Cet arrêt a posé le principe que la fixation du loyer de renouvellement dans l’hypothèse d’un loyer binaire devait échapper au statut des baux commerciaux et n’était régie que par la convention des parties.
En effet, il arrive très souvent, notamment dans la grande distribution, que le loyer soit fixé de manière binaire, c’est-à-dire par une partie fixe minimum et une partie variable souvent indexée sur le chiffre d’affaires réalisé par le locataire.
Traditionnellement, la jurisprudence a considéré que le Juge des loyers commerciaux n’était pas compétent pour statuer sur ce contrat qui reste régi par les principes contractuels.

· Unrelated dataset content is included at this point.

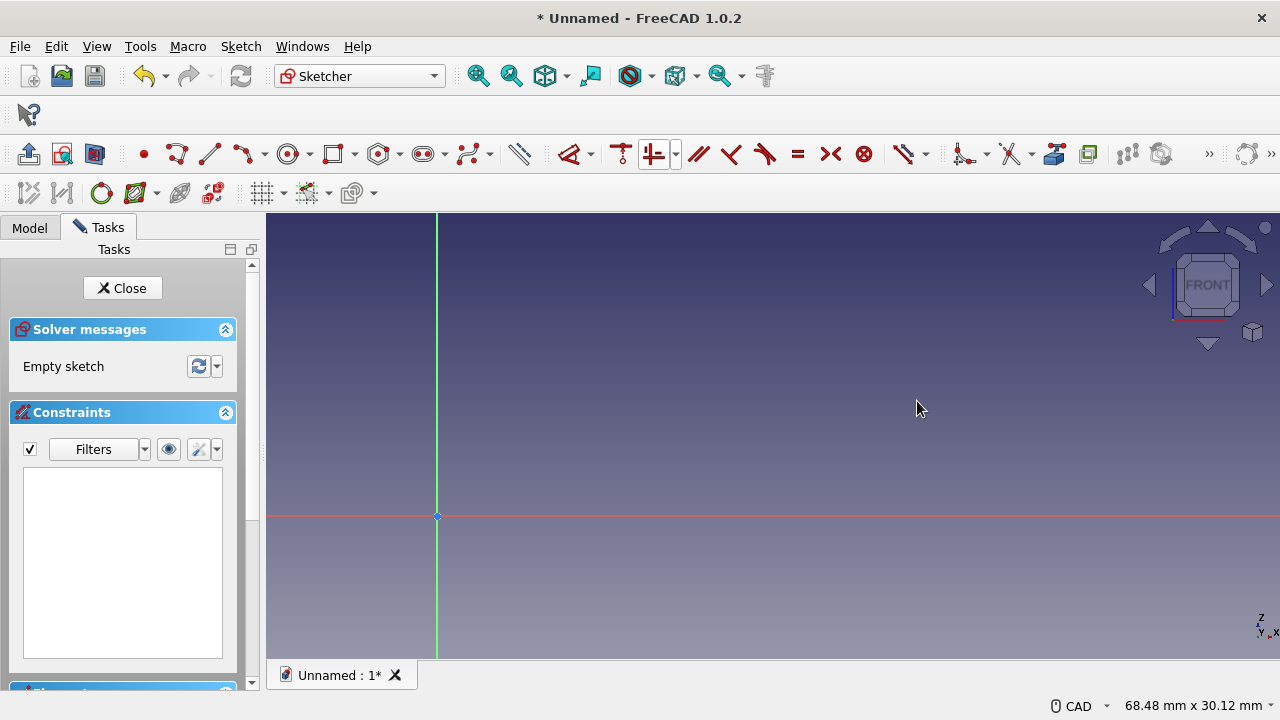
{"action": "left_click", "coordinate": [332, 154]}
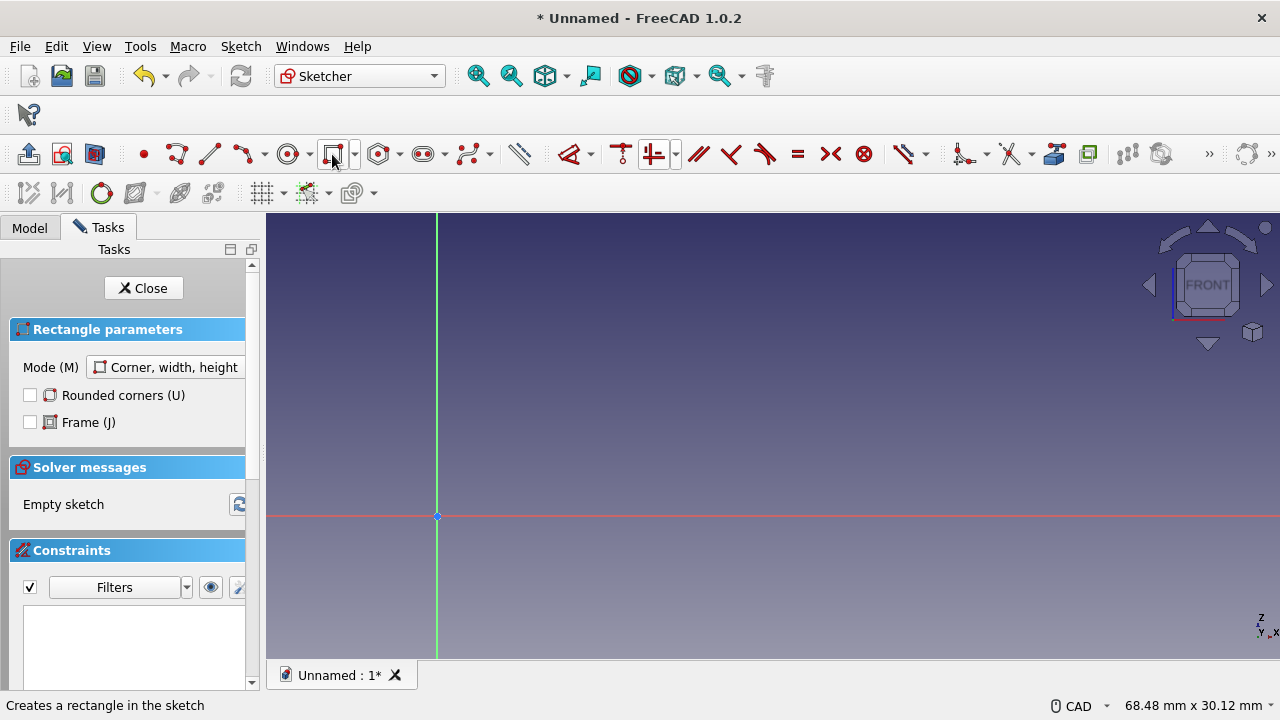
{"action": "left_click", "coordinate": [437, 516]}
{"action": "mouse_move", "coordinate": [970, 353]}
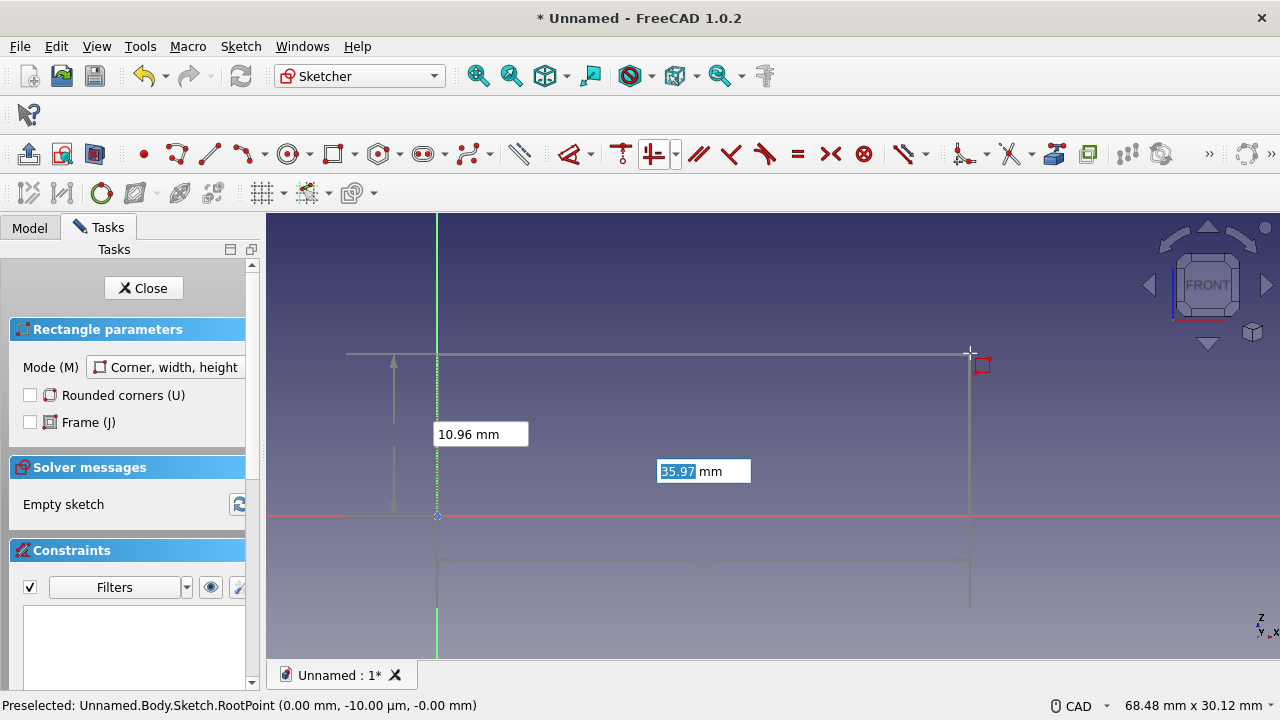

Le minimum ne devait pas être évalué à la valeur locative, car n’est pas forcément fixé initialement à la valeur locative mais devait rester un minimum contractuel auquel devait s’ajouter, selon l’accord initial des parties, un pourcentage complémentaire résultant de la variation du chiffre d’affaires.
Mais la jurisprudence a commencé à évoluer.
Dès l’année 2016, un certain nombre de Cours d’appel (LIMOGES et AIX-EN-PROVENCE) ont commencé à remettre en cause les principes qui paraissaient bien établis de fixation judiciaire du loyer de base du bail renouvelé en présence d’un loyer binaire.
Le grand tournant est arrivé durant l’année 2016.
En effet, la Cour de cassation a considéré que lorsque les parties avaient convenu d’un loyer comprenant un minimum garanti et une part variable, elles pouvaient prévoir, par une clause du contrat, de recourir au Juge des loyers commerciaux pour évaluer, lors du renouvellement, ce minimum garanti à la valeur locative (Cour de cassation, 3ème chambre civile, 3 novembre 2016, n° 15-16.826 et Cour de cassation, 3ème chambre civile, 29 novembre 2018, n° 17-27.798).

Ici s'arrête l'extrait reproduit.